I have the first set of Aramith balls that came with my Olhausen in the 90's. The actual numbers are raised above the surface of the ball. It doesn't take a micrometer to tell, just your finger. The owner of All South Billiard supply in Chattanooga didn't beeline me until I brought the set in for him to measure.

Sent from my DROID RAZR using Tapatalk 2
 
on some old jacked sets of balls i have seen that. the reason is the colored area of the solids is softer and wore more on old Centennial's, the balls i'm refering to had well over 10 years of play on them, possibly 20, they werent round anymore, i have Mitoymo calipers and measured them, they roll straight, but are off enough to matter in the rack. If a Magic rack works then they are too round for this to matter-as a reference

and yes if you know how to work the rack a little the size of the balls matters, particulary the smaller ones. I have seen that trick used(2 seperate times by 2 different champions), I dont hit the balls good enough to make a difference, takes a pretty solid player to exploit what your talking about. A++ on the low IMO.

From the MBR website

"Worn and used balls can be used with a tolerance level of 0.1mm"

Otherwise the balls may not be frozen... We saw this trying to use an old red/yellow set for The Accu-Stats Make It Happen 8-Ball.... No bueno..

Chris
 
I've heard of this for at least 25+ years. Late 80s the numbers seemed to ''rise" from the rest of the surface enough to be seen and felt.
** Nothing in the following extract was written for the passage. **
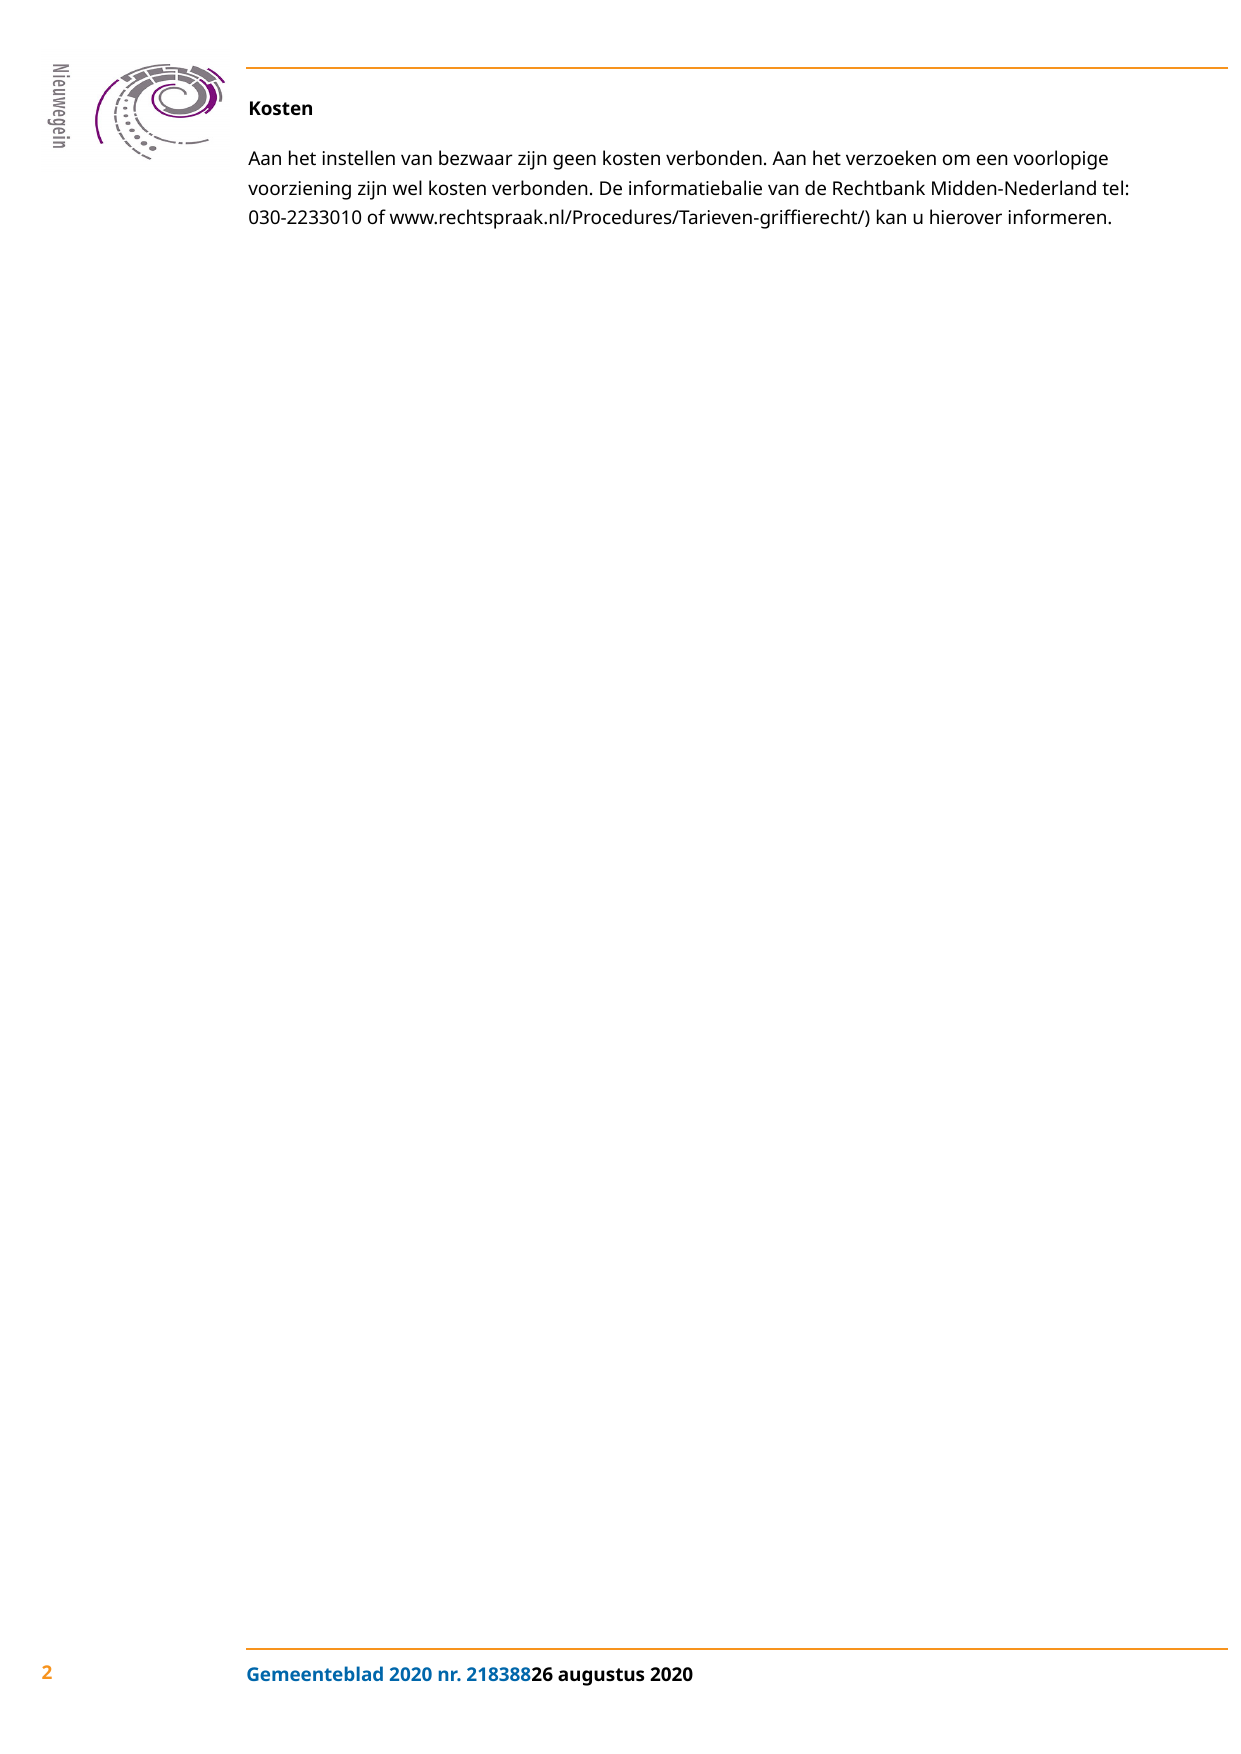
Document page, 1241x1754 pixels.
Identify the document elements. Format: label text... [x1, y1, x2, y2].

I've used the number facing each other to see if I could get a tighter rack in a lot of requests for me to rack the balls for players that were wanting the PERFECT rack.

I am still using the Magic Rack a lot. IMO this has solved a lot of problems in the local 9 ball pool room issues about lose racks.
 
The only balls that are gonna really vary are gone be the super cheap pos balls that have no quality control or a ball that is very old and very worn.